Example: “This problem asks how many ways to make 50 cents. I’m going to use the ‘make a table’ strategy to organize all the possibilities…”

Phase 2: Guided Practice

Solve together:

• Present a new problem
• Students suggest which strategy might work
• Class implements strategy together
• Discuss what’s working and what’s not

Scaffolding:

• Provide partially completed tables/diagrams
• Offer strategy prompts: “What if you drew a picture?”
• Support decision-making about which strategy

Phase 3: Independent Practice with Support

Students solve with strategy choice:

• Provide problems that fit the newly learned strategy
• Students try independently
• Available support when stuck
• Share solutions and strategies

Phase 4: Strategy Integration

Mixed problems:

• Present problems requiring different strategies
• Students must choose appropriate strategy
• Emphasis on explaining why they chose that strategy

Phase 5: Metacognition and Reflection

Think about thinking:

• “What strategy did you use? Why?”
• “Did it work? Why or why not?”
• “What would you try differently next time?”
• “When might you use this strategy again?”

Building a Problem-Solving Culture

Create a Strategy Toolbox

Visual display in classroom:

• Poster with all strategies
• Icons or symbols for each
• Examples of when to use each

Reference cards:

• Students have personal reference cards
• Checklist of strategies
• Guiding questions for each

Use Problem-Solving Language

Instead of: “Did you get the answer?” Say: “What strategy did you use?”

Instead of: “That’s wrong” Say: “That strategy didn’t work. What else could you try?”

Instead of: “Let me show you how” Say: “What have you tried so far? What else is in your toolbox?”

Celebrate Multiple Strategies

After solving:

• “Who solved it a different way?”
• Display multiple solution paths
• Compare efficiency and elegance
• Value creativity and flexibility

Message: There are many ways to solve problems; flexible thinkers try multiple approaches.

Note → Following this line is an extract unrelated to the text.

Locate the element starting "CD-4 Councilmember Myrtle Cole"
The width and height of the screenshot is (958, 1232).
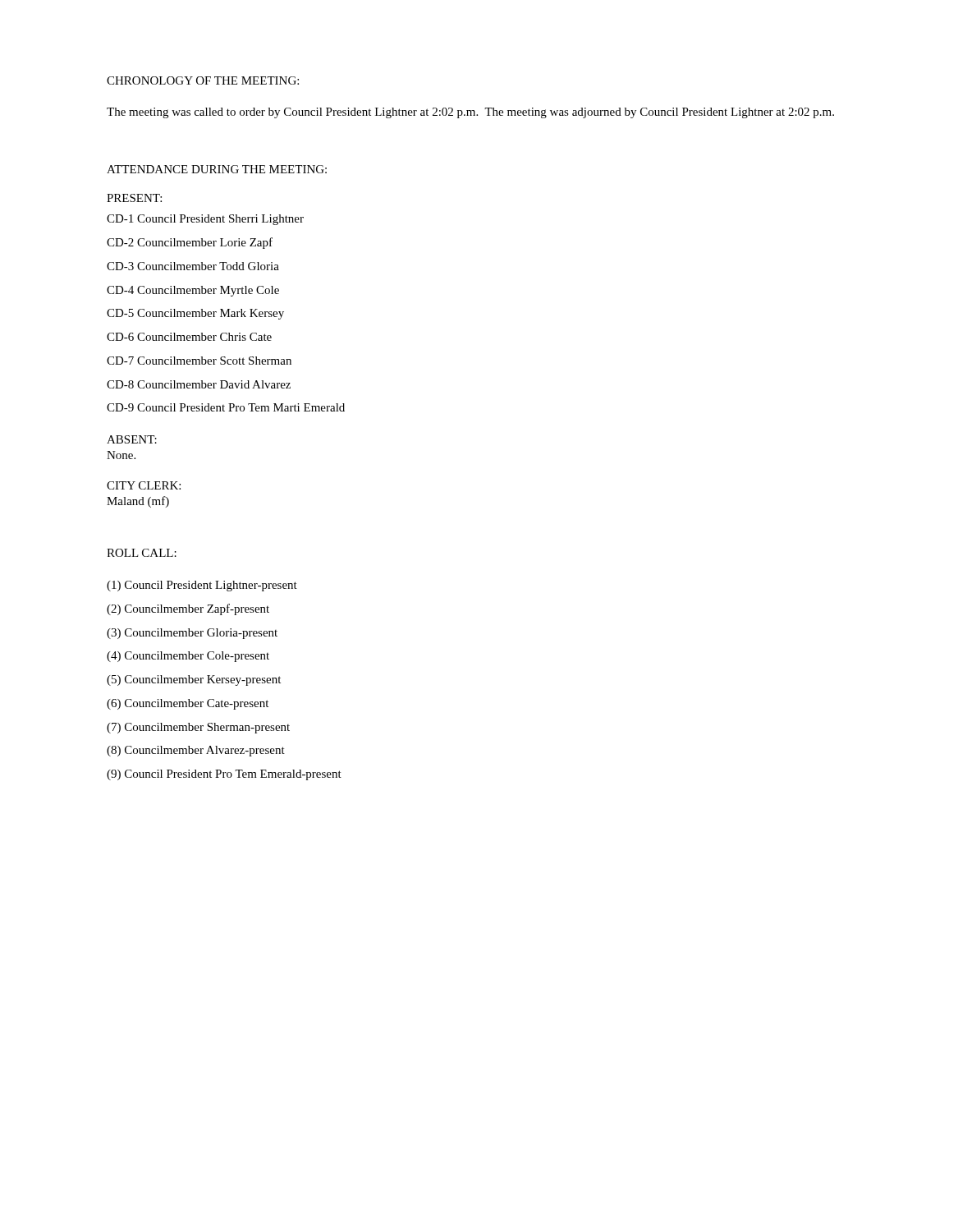click(x=193, y=290)

Normalize Productive Struggle

Reframe difficulty:

• “This is a challenging problem” (not “this is hard for you”)
• “You haven’t figured it out yet” (growth mindset)
• “Struggle means your brain is growing”

Provide wait time:

• Don’t rescue too quickly
• Let students grapple productively
• Support ≠ removing the challenge

Develop Metacognitive Habits

Routine self-questions:

• “What am I trying to find?”
• “What do I know?”
• “What strategy should I try?”
• “Is this working?”
• “Does my answer make sense?”

Reflection protocols:

• After each problem, briefly reflect
• “What worked? What didn’t?”
• “What did I learn?”

Assessment of Problem-Solving

Look beyond correct answers:

• Can they explain their strategy?
• Do they try multiple approaches when stuck?
• Can they identify why a strategy didn’t work?
• Do they verify their answers?
• Can they tackle unfamiliar problems?

Rubric elements:

• Understanding (identified key information)
• Strategy selection (chose appropriate approach)
• Execution (carried out strategy correctly)
• Verification (checked answer)
• Communication (explained thinking)

The Bottom Line

Problem-solving isn’t a mystical talent—it’s a teachable set of strategies and habits of mind. When we teach students explicit problem-solving approaches, give them tools for their mental toolbox, model metacognitive thinking, and create a culture that values strategic thinking over quick answers, we develop mathematical problem-solvers.

The goal isn’t just to solve today’s problem—it’s to build problem-solving capacity that transfers to tomorrow’s unfamiliar challenge. That’s not just mathematics teaching—that’s empowering students with thinking skills for life.

And it starts with moving beyond “just try your best” to “here’s how to approach this systematically.” That’s the difference between mathematical helplessness and mathematical power.